Limiter la croissance, ce serait aussi limiter l’idéologie du Progrès. Accepter de revenir à une société stationnaire, où l’on apprécie de s’ennuyer, de stagner, où l’on ne progresse pas, ni dans son emploi, ni dans son salaire, ni dans son statut. Pas d’ascension, pas d’acquisitions, moins de confort, moins de santé, moins de science, moins de spectacle et de fanfreluche. Plus de travail. Qui est partant ? Qui vote pour ? Qui saurait trouver là son bonheur ? Certainement pas la masse.

Qui attend de la vie une moisson de bonheur et de bien-être n’aura qu’à prendre un autre chemin que celui de la culture supérieure. – Friedrich Nietzsche

4 réflexions au sujet de « La pensée conséquente »

  1. Certainement pas la masse. D’autant que cette dernière est hétérogène quant à sa capacité à changer ses habitudes de vie.
    De même qu’un couple se créé au gré d’innombrables facteurs mais aussi et surtout parce qu’à cet instant précis ils étaient en phase, cette masse d’individu n’est pas en phase chronologiquement.
    Nous pouvons voir à quel point nous nous adaptons à l’environnement, il en va de même de notre réflexion et de ce qu’on appelle communément maturité, Notre manière d’appréhender la vie est intiment liée à nos expériences passées.
    Je rajouterai qu’il est étonnant à quel point notre santé influe sur notre réflexion et notre empathie.
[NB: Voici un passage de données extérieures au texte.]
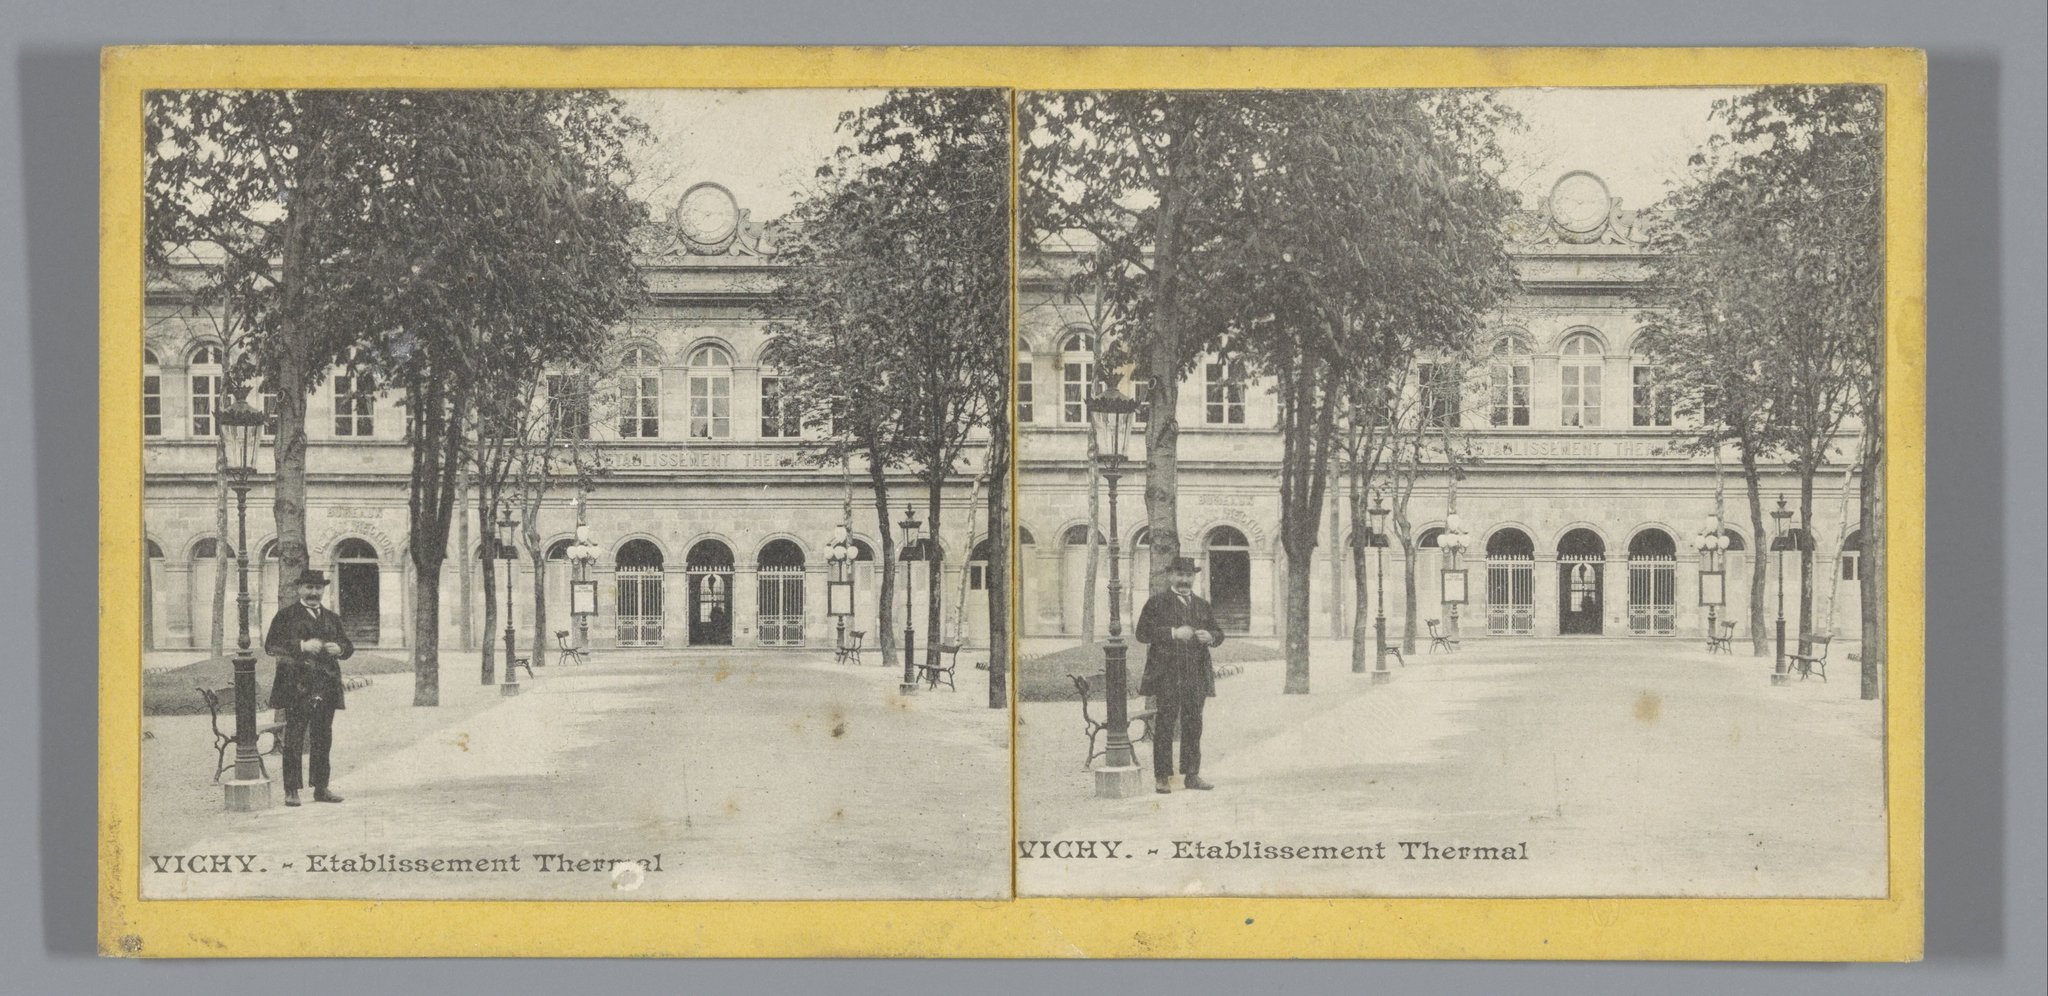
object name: stereograph
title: Gezicht op een thermaal instituut in Vichy
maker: Anonymous
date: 1890-1910
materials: cardboard, paper
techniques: photograph
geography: vichy
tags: watering-place, spa

Si cette masse d’individus était moins dans l’opulence et à sa moyenne d’âge plus élevée, donc à la santé plus faible, il est fort à parier que sa majorité serait prête à accepter des changements allant de le sens de la charité envers autrui, le sacrifice, le don de soi etc.
    Les pensées suivraient donc les actes et l’inconséquence serait alors un élément accidentel.
    Personnellement, lors d’un épisode difficile de ma vie, encore récent, je me suis juré de ne pas oublier les changements opérés en mon fort intérieur : ma fragilité entraînait une réflexion intérieure assez éloignée des tumultes superficiels du monde. En d’autres termes, où va-t-on, quel bilan personnel dresser de sa vie, que faire pour s’améliorer… Des pensées assez chrétiennes en somme, je ne le nie pas.
    Et bien, l’épisode difficile en passe d’être derrière moi, je me fais fort de tenter de rester tel que j’étais alors que j’étais en fragilité. Ne pas me reperdre. J’ai donc décidé de ne pas changer de statut, de ne pas avancer professionnellement, de refuser spectacles et fanfreluches. Je peux me le permettre, j’ai de quoi me loger me vêtir et m’occuper de mon enfant. Je sens que j’y trouverai alors le bonheur. Mais cet équilibre intérieur recherché est comme je l’avais indiqué plus haut lié à mes expériences passées : A 20 ans je n’aurais jamais eu ces réflexions.

  2. Bon thème, et bon commentaire.
    Cependant, je ne suivrai pas l’auteur dans son sous-entendu : si les gens étaient vraiment conséquents, les choses changeraient vraiment. Cela est tout simplement impossible car « les gens » n’ont jamais changé, à n’importe quelle époque de l’histoire. Croire cela serait du pur idéalisme. Les systèmes changent, les conditions d’existence des systèmes se modifient, et c’est déjà pas mal.
    Des facteurs du changement ? la mort, bien sûr. L’effondrement, aussi. Nous avons donc le choix, restons optimistes.